To do.
Go through the records and report each line holding the string "Rendered".

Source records
━━━━━━━━━━
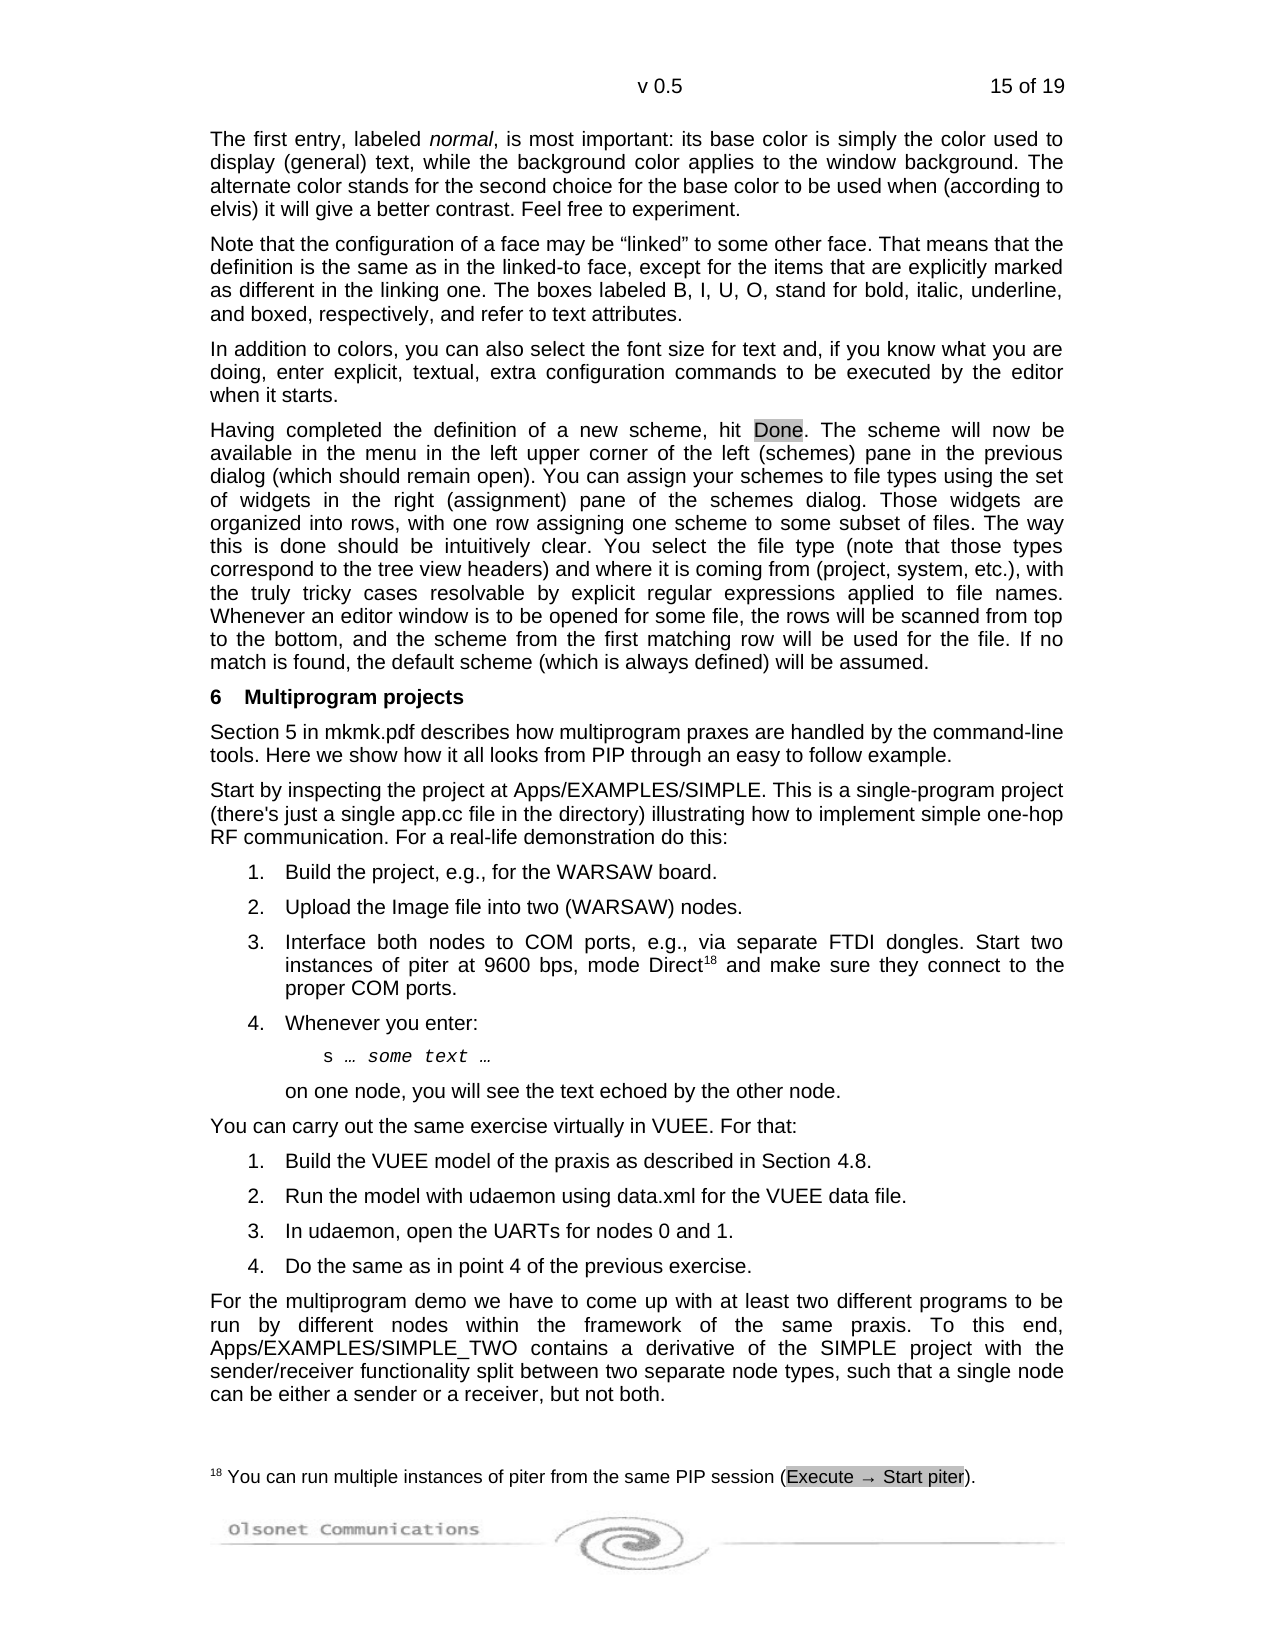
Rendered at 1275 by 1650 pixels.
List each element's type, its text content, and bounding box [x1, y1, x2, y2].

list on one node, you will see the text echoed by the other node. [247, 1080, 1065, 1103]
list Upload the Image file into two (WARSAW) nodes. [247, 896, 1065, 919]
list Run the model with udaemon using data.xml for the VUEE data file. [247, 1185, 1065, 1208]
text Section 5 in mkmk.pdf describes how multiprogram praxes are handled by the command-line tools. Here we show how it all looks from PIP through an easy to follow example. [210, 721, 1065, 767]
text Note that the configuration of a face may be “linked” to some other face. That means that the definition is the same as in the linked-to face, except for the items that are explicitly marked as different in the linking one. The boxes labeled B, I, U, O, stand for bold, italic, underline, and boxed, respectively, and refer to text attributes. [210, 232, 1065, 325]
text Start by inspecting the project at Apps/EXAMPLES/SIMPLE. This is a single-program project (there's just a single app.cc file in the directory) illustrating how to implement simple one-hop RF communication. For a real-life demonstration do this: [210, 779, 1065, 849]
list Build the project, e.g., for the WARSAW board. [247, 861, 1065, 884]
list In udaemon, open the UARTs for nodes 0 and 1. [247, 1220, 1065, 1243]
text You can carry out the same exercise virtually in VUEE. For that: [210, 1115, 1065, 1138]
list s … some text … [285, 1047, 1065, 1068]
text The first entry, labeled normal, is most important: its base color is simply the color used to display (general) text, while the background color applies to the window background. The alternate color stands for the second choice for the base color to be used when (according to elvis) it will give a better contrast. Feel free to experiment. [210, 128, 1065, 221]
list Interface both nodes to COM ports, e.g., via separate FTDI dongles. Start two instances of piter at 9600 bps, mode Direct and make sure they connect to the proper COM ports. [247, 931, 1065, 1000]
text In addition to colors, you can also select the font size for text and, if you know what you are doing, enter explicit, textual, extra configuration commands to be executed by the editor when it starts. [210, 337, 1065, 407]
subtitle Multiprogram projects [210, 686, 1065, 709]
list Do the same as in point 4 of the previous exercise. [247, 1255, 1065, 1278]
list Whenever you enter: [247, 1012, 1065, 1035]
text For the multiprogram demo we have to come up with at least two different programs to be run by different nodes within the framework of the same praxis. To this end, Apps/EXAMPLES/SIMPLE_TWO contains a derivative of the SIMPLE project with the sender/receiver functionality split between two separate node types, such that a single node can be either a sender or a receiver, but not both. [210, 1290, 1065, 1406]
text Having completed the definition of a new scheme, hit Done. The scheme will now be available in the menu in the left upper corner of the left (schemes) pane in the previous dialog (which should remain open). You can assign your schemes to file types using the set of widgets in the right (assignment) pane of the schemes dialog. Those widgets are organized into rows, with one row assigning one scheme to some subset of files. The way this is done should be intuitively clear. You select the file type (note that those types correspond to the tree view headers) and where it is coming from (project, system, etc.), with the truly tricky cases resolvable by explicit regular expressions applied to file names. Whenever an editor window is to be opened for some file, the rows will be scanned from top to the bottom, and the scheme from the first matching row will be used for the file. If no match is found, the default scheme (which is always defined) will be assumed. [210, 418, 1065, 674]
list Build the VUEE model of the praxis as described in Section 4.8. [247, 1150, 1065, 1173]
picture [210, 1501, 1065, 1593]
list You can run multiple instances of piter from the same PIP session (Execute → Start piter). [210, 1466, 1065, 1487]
━━━━━━━━━━
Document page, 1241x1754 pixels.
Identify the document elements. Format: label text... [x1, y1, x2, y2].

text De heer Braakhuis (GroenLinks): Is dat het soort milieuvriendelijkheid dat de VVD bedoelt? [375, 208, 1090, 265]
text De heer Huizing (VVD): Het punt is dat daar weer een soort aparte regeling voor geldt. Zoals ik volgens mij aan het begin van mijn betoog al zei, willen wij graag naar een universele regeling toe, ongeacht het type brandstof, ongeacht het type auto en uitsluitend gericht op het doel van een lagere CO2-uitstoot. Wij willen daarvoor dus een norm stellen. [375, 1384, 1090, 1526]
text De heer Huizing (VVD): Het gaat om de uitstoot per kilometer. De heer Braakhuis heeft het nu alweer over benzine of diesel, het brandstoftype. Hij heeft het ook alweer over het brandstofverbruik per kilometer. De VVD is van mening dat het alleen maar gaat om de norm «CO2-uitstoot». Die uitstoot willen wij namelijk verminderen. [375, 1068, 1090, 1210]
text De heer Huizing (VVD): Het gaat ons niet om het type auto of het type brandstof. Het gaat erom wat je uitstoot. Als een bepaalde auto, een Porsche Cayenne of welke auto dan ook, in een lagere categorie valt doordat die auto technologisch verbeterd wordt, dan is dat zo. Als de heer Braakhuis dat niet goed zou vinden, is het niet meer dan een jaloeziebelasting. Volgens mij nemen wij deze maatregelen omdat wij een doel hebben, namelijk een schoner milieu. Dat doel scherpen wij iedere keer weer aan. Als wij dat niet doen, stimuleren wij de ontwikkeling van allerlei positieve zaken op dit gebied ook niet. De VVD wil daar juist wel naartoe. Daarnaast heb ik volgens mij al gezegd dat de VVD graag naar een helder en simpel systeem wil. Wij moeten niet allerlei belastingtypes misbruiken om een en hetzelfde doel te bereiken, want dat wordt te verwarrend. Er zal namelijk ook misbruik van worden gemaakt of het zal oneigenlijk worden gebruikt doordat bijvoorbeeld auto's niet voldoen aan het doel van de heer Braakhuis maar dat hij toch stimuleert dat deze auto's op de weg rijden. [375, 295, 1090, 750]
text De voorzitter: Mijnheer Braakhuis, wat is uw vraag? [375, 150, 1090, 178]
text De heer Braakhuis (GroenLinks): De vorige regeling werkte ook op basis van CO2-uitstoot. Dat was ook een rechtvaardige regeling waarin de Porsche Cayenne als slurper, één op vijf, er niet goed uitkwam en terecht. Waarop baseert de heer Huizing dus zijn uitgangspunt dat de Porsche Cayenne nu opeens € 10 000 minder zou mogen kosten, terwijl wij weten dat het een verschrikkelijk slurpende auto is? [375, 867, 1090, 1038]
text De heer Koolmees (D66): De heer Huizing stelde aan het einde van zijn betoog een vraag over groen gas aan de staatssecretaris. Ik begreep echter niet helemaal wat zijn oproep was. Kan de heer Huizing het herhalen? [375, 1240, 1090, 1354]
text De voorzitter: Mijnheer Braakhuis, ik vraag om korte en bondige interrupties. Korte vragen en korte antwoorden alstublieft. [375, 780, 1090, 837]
━━━━━━━━━━
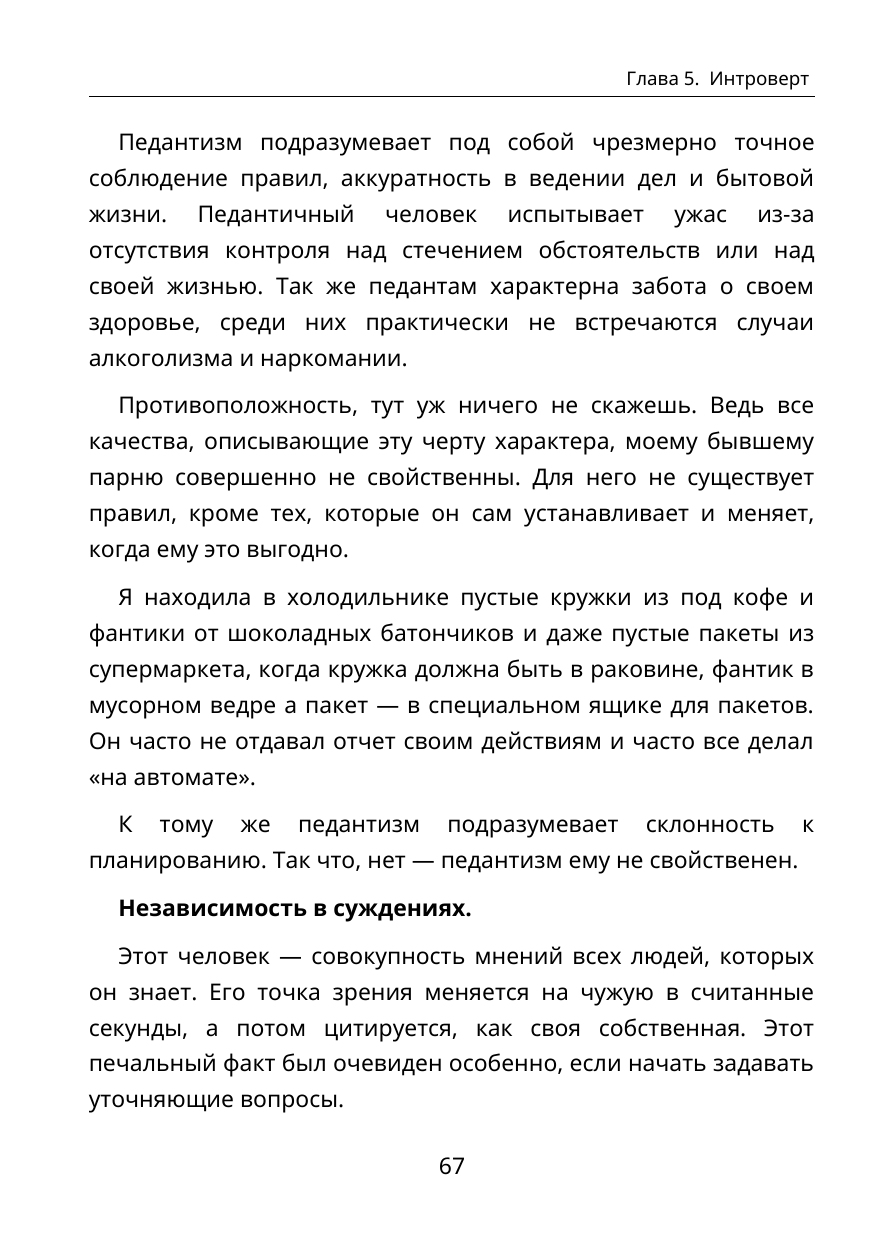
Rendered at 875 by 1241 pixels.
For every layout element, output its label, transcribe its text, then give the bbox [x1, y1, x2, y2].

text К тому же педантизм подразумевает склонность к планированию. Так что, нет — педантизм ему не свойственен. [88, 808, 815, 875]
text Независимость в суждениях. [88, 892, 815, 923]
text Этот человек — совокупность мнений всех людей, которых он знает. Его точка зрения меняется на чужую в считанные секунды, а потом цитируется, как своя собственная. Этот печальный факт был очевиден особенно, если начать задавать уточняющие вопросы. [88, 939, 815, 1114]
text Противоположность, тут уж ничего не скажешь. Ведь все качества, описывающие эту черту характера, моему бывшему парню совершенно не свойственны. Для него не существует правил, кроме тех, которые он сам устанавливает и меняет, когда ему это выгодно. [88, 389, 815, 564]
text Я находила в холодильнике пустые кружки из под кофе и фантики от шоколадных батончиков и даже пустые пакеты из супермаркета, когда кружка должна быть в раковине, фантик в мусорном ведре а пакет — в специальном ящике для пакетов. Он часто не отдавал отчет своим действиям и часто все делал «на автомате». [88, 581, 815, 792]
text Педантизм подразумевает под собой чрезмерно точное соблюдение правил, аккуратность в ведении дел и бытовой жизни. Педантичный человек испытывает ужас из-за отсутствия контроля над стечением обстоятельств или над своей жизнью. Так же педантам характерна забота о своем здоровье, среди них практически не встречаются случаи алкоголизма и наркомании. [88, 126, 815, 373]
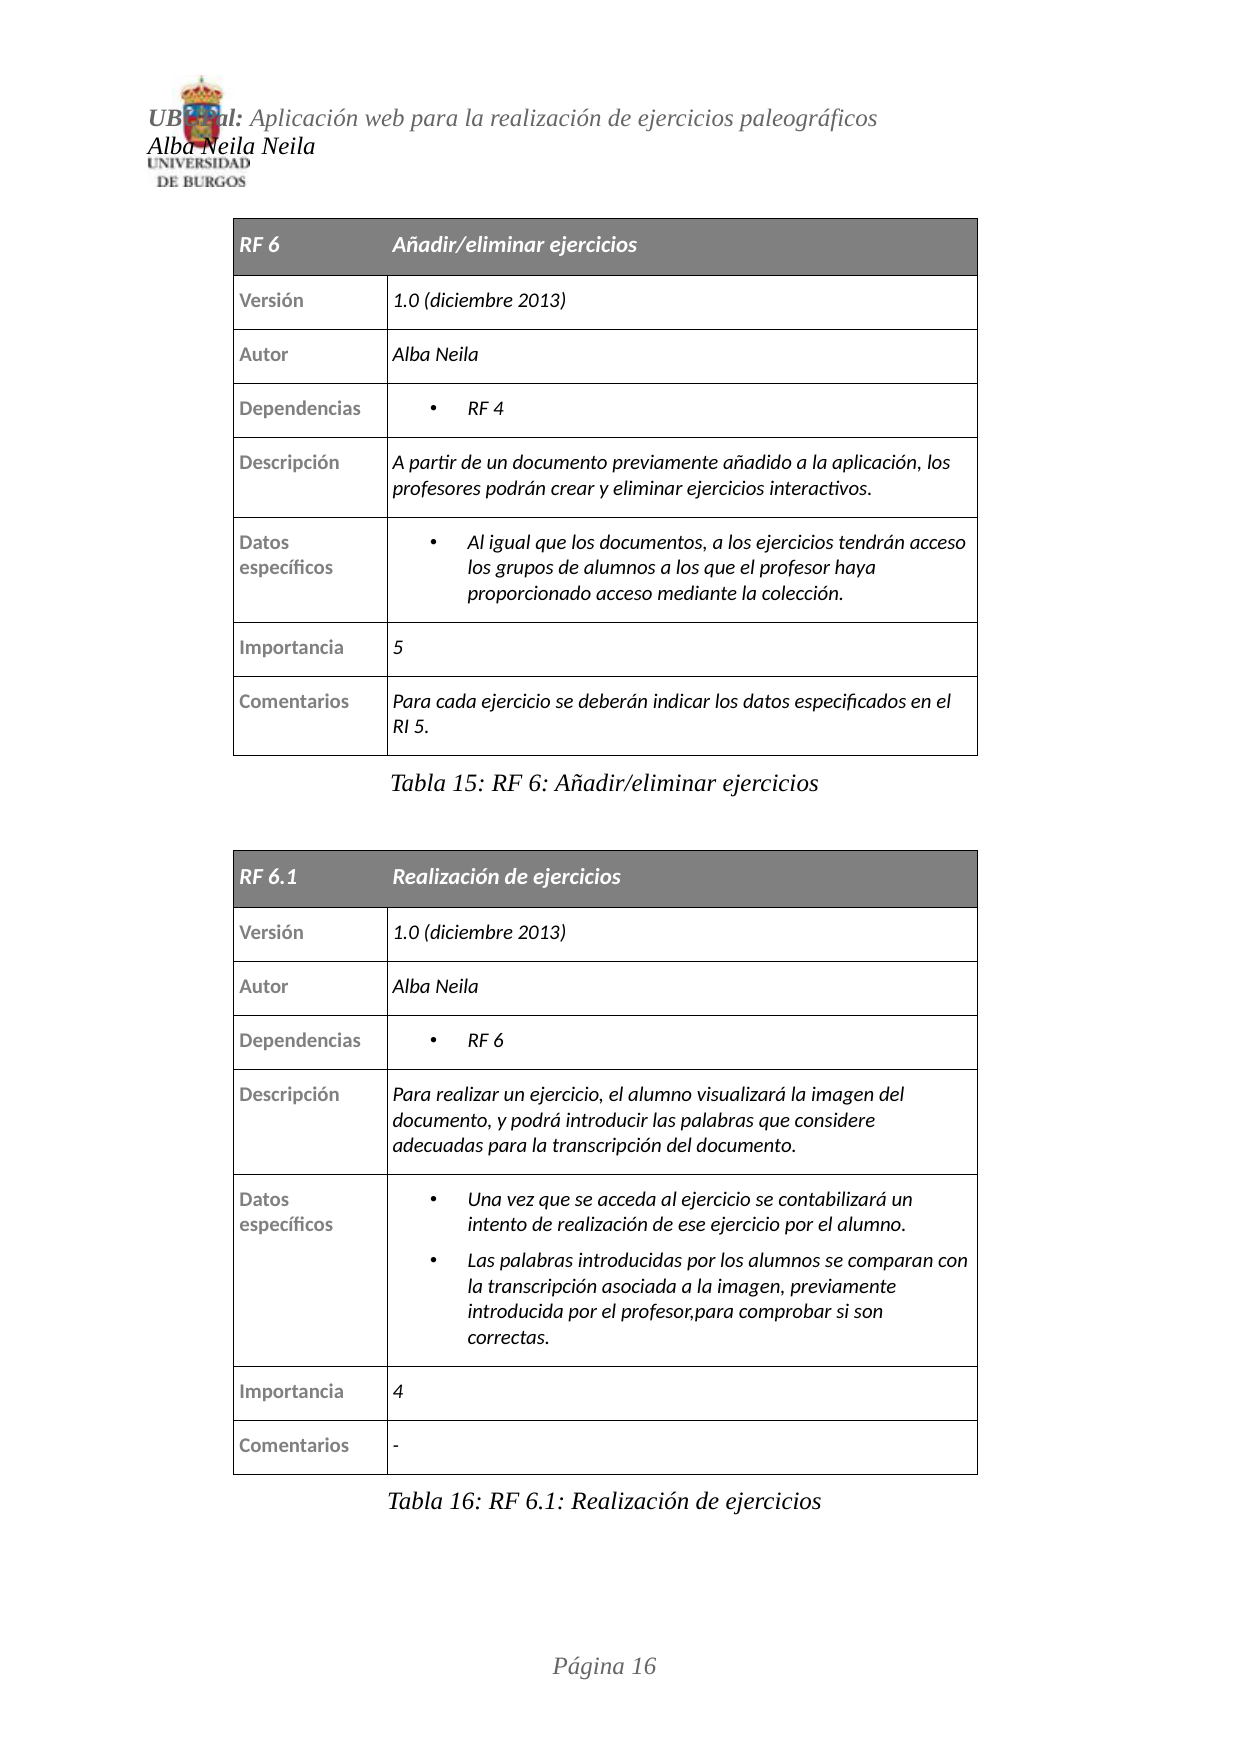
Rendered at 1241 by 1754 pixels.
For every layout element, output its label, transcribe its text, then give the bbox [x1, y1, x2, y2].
━━━━━━━━━━
Final answer.
Rendered at 1275 by 1650 pixels.
Rendered at 875 by 1241 pixels.
Rendered at 1241 by 1754 pixels.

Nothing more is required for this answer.